Woman drivingSince I’m writing this week’s Keys to Keeping Chaos at Bay while I’m traveling, they are fairly fresh in my mind. If you travel for work then I hope you find these ideas helpful.

  1. Let people know you are on the road so they won’t expect you to get back to them as quickly. You can leave this information in a message on your outgoing voice mail and, if you are going to be out for an extended period of time, set up an email responder, as well.

    (Note: If you are going to be out for one or two days, then my suggestion is NOT to annoy people who email you with a return email that says that you that you will be out “until tomorrow afternoon” or the like. Here’s an article I wrote about that topic.)

  2. Answer voice mail as you travel so it’s not all there when you get back in town. This means you must have a voice mail system that is easily retrievable. Make it a point to return voice mail within 24 hours of when you get the message, if at all possible.
  3. Keep up with your email as you travel. Not doing so is even more onerous than taking the extra steps to be able to access it while you’re on the road.

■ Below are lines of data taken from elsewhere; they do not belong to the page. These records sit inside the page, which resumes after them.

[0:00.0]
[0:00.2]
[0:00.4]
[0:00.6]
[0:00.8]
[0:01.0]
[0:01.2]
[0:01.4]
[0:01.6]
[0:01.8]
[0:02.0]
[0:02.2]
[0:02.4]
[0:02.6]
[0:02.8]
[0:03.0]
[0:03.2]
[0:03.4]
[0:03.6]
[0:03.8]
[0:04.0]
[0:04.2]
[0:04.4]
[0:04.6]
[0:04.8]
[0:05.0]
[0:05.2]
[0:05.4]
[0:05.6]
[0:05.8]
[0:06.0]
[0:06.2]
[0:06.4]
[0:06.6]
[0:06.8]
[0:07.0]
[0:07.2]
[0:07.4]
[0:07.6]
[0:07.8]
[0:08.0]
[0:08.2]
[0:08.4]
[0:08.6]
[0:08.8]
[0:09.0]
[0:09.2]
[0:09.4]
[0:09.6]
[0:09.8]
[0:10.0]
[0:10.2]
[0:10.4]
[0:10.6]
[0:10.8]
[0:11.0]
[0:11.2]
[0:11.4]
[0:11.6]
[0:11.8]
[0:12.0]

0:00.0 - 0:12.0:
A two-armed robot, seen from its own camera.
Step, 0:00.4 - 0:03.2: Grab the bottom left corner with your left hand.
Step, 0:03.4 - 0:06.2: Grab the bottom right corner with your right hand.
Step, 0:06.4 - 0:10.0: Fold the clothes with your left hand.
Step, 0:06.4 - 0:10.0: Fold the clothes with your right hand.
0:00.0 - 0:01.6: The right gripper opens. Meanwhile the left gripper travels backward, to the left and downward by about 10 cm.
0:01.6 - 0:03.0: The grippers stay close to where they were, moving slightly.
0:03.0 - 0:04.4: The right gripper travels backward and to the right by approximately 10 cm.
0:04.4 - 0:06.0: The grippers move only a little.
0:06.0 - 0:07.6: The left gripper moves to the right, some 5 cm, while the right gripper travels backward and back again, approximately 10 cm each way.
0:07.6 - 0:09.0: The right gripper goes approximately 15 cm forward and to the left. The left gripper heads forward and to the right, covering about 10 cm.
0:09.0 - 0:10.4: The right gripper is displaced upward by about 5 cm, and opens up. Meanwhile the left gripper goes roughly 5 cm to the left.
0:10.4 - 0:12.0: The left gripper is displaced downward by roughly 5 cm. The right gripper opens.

    There are several possibilities:

    a) you can have all your email forwarded to a web-based email system;a) you can have all your email forwarded to a web-based email system;

    b) you can set up your laptop to access all your email (and either leave the original message on the server or not);

    c) or you may use what I use, GoToMyPC, which lets me access my home office computer from any other computer. That way I’m answering my emails just as if I’m in front of my main computer. It’s convenient because all my deleted, saved, and sent messages are right there where they belong and all attachments I might need to send to someone are easily accessible.

  4. Create a productive environment for yourself when you are traveling.

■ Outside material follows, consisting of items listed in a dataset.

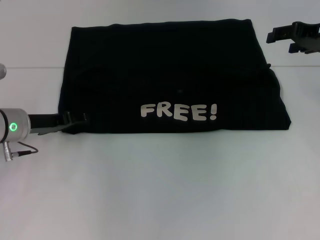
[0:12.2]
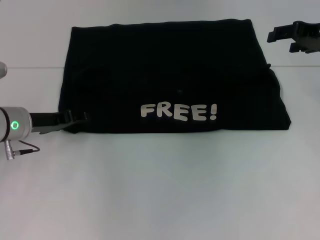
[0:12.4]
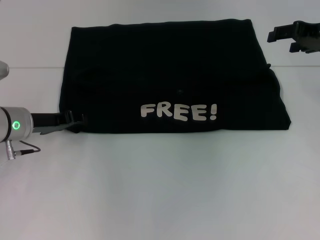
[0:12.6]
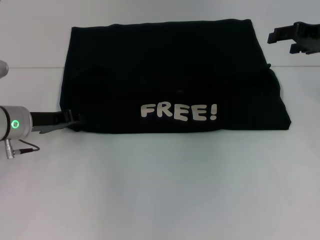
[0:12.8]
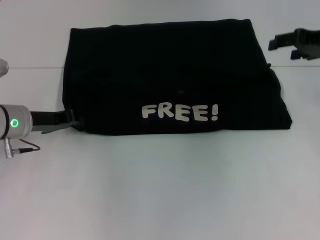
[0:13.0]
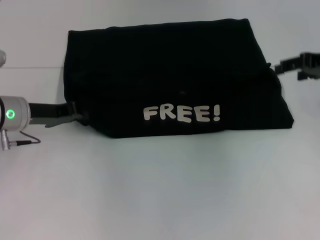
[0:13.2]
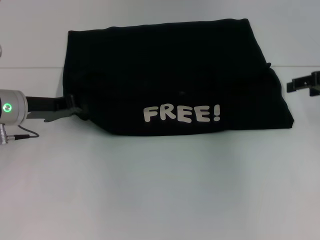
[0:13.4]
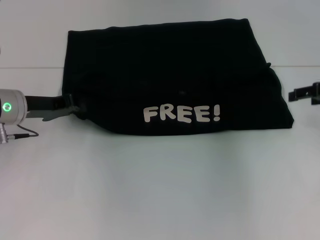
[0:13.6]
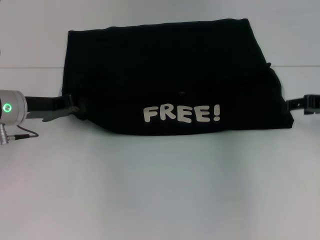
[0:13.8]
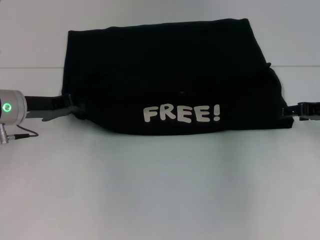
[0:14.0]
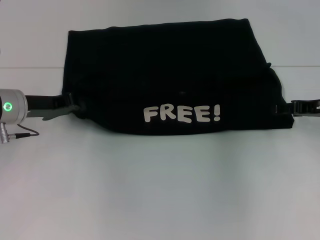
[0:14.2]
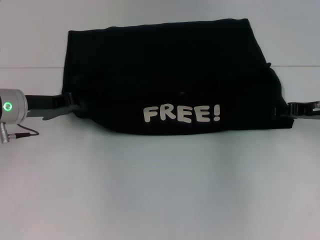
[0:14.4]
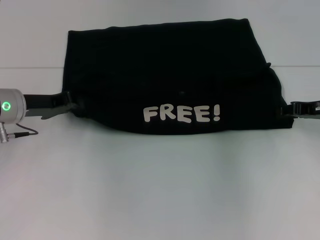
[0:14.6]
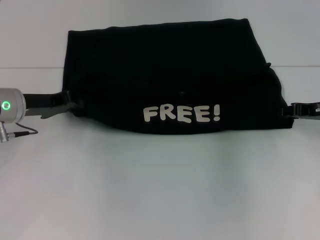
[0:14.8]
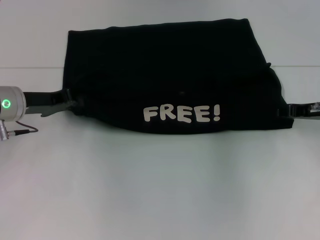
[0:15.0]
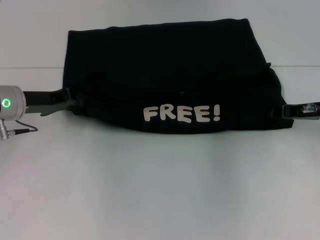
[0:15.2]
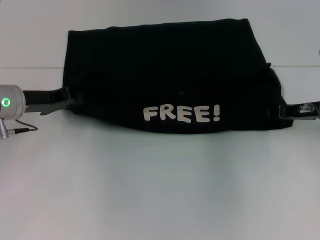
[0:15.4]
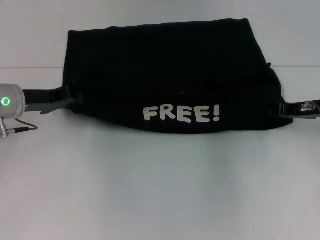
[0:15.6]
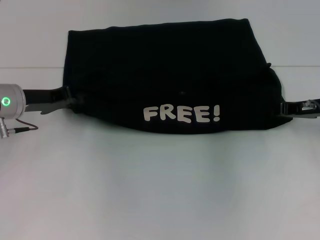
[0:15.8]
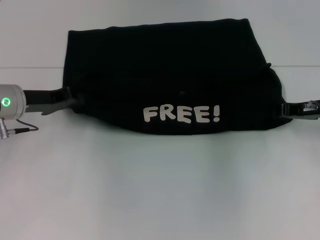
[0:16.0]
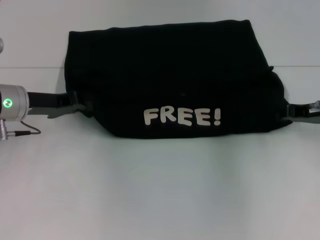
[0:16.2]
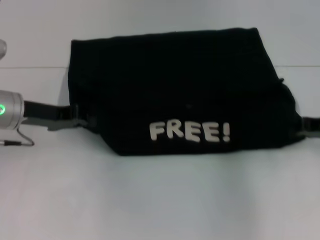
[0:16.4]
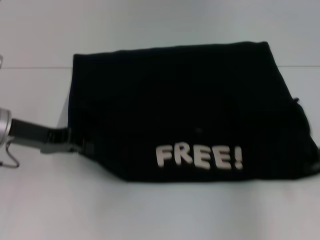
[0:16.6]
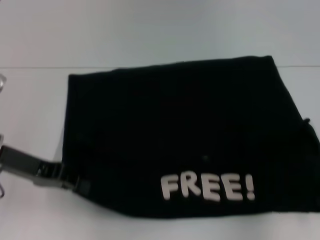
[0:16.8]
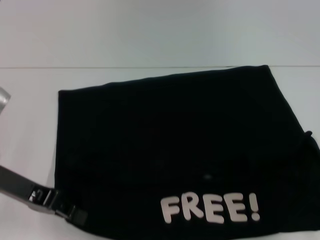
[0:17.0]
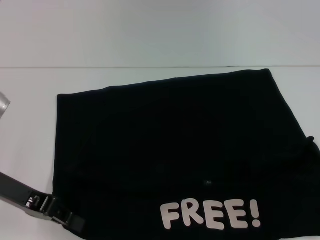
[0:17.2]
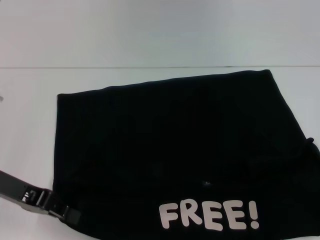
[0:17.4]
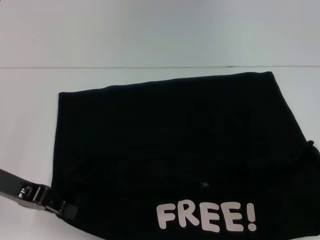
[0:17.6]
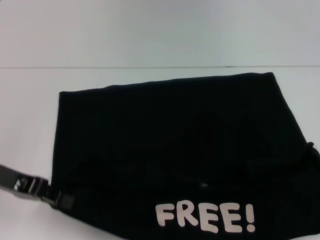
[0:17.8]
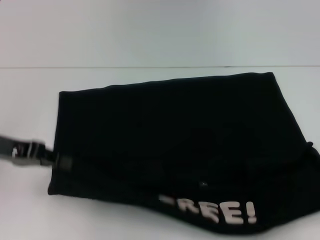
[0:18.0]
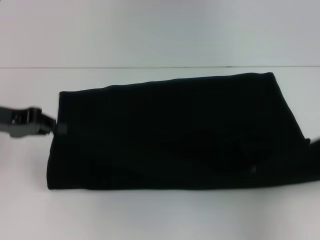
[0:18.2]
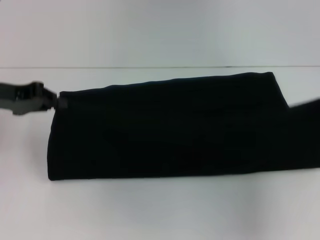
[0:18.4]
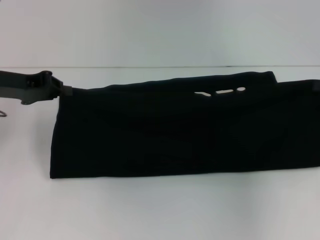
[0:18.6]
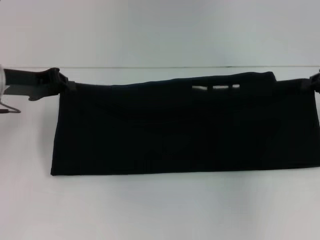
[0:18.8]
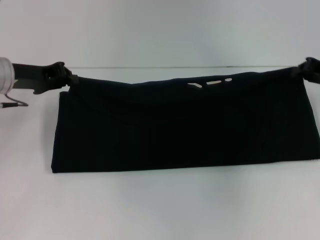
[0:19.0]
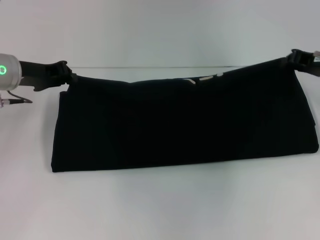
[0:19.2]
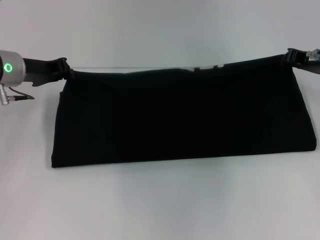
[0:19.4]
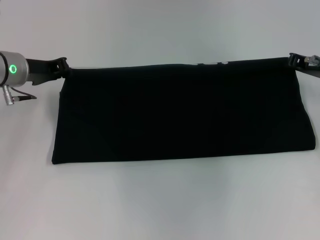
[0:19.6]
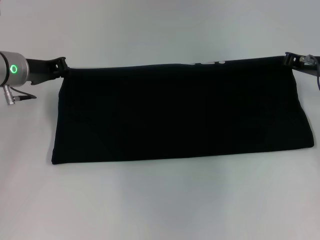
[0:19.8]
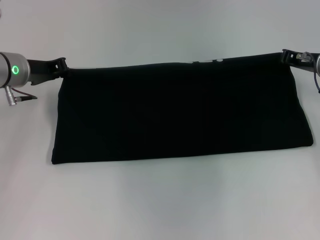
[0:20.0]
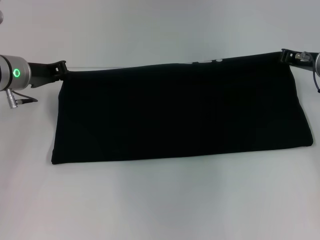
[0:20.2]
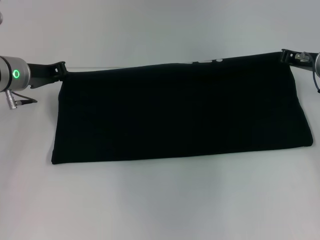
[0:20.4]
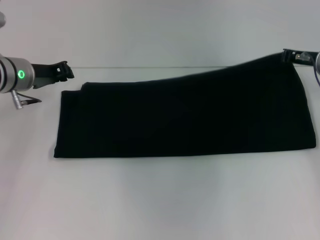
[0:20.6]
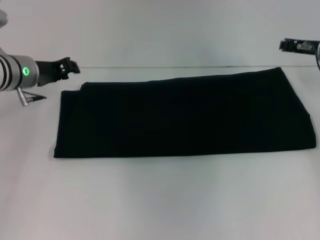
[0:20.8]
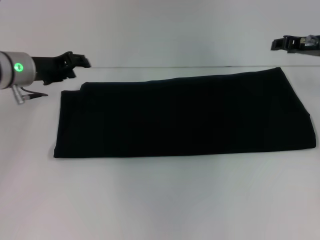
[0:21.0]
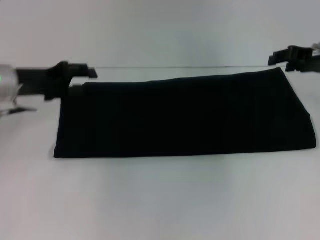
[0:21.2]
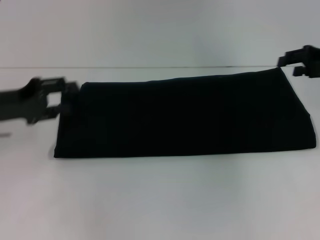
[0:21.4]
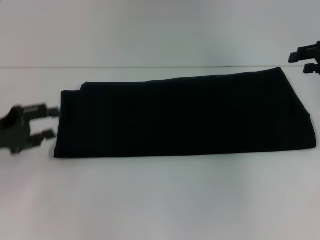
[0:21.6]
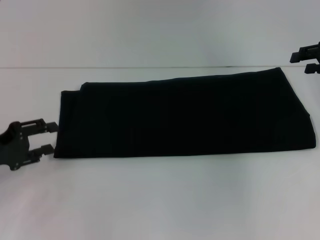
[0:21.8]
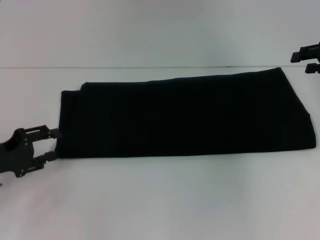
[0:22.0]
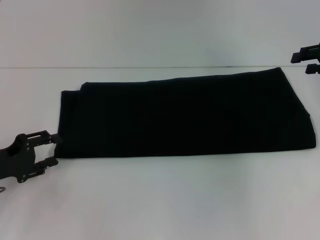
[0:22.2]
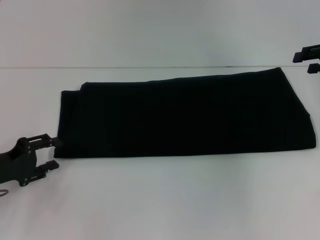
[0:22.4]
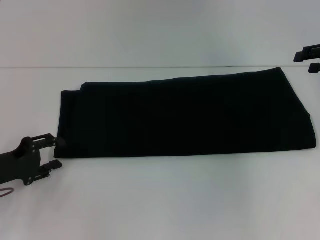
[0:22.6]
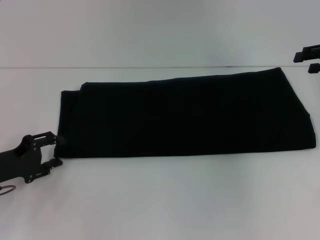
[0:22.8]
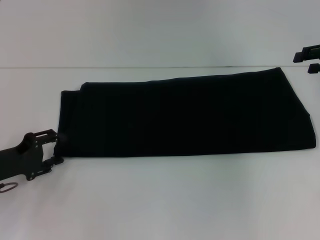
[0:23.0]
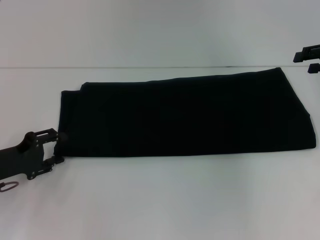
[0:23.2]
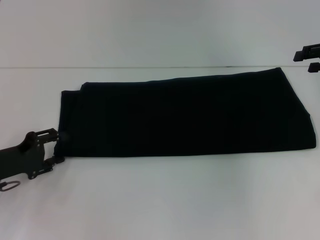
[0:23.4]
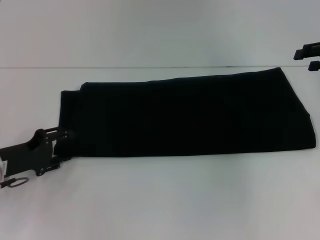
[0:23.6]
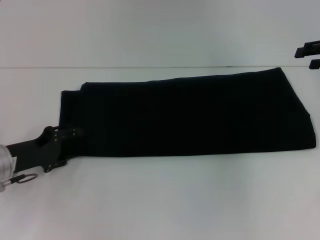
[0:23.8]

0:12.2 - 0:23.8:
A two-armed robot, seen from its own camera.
Step, 0:12.2 - 0:17.2: Pull the clothes with your left hand.
Step, 0:12.2 - 0:17.2: Pull the clothes with your right hand.
Step, 0:17.4 - 0:21.0: Fold the clothes with your right hand.
0:12.2 - 0:13.6: The right gripper goes roughly 5 cm downward. Meanwhile the left gripper closes up.
0:13.6 - 0:15.0: The right gripper goes about 5 cm downward, and closes its fingers.
0:15.0 - 0:16.6: The left gripper changes place by some 5 cm. The right gripper goes some 5 cm backward, and closes.
0:16.6 - 0:18.0: The left gripper changes place by some 5 cm. The right gripper travels backward by some 5 cm.
0:18.0 - 0:19.4: The left gripper heads forward, covering roughly 10 cm. Meanwhile the right gripper is displaced forward and to the left by approximately 20 cm.
0:19.4 - 0:21.0: The left gripper opens its fingers, while the right gripper opens up.
0:21.0 - 0:22.4: The left gripper goes some 20 cm backward, downward and to the left. The right gripper heads to the right, covering approximately 5 cm.
0:22.4 - 0:23.8: The grippers move only a little.

    **If you are traveling by car, make sure you have all the items that will let you be comfortable and productive while on the road.

    **If you are traveling by plane, then make sure you have noise-cancelling headphones and the kind of work that can easily be retrieved while sitting in an airplane seat.

    **Once you arrive at your hotel, take a few minutes and get it setup. I will often move tables around to create a L-shaped workspace and I’ve been known to take 100 watt light bulbs with me when I go to Las Vegas (or stay at a W Hotel) because the lamps are so dim that it’s very difficult to see and get reading and work done. Learn what works best for you-and then create that environment as much as you can.

  5. Join loyalty programs whenever possible and then maximize your use of those particular airlines and hotels. There are small (and sometimes large) amenities that go along with being a member of a program. If at all possible, aim for the elite status which really gives you worthwhile perqs (including leverage) when traveling.
  6. Now, here are a few different perspectives on travel that you might find useful:

    **View travel time as a treat and a luxury. I never have enough time to read-either for work or for pleasure. Getting to the airport early gives me an opportunity to get some reading done. Even sitting in a middle seat in the crowded coach section still gives me a chance to read (or listen to) a novel that I’m anxious to get through-without interruption.

  7. In order to take such a view and use your travel time in a positive way, you need to find ways to shut out the outside distractions. At airports and on planes, Bose Noise-Cancelling headphones are the ticket. In hotel rooms that aren’t as quiet as you like, play soft music or even wear earplugs. The idea is to minimize outside distractions so that you can be peaceful.
  8. If part of your career involves travel, then hating it every single time you do it means you hate a (possibly) significant part of your job. One option is to get a different job. Another option is to adopt a different mindset about travel. I always say, “It is what it is.” As a speaker and consultant, I can either choose to work within a 100 miles of my home or I can travel. I am fortunate that people from many states want me to come and work with them–so traveling is part of that. I’m so fortunate.
  9. Recognize the energy requirements of traveling. If you need time alone to refresh and renew, then don’t try packing every single second of your travel with a meeting, contact, cocktail party, or conference session. Take a breather and go back to your hotel room and just rest for a little while. It’s OK.
  10. Feel free to spend a little money on getting some help. Tip a bellman, take a cab (instead of shuttle), or even hire someone to accompany you. It’s worth considering, sometimes.

Cut yourself some slack. Traveling is not as easy as being home. You can be wise about your travel or you can be foolish. Be wise.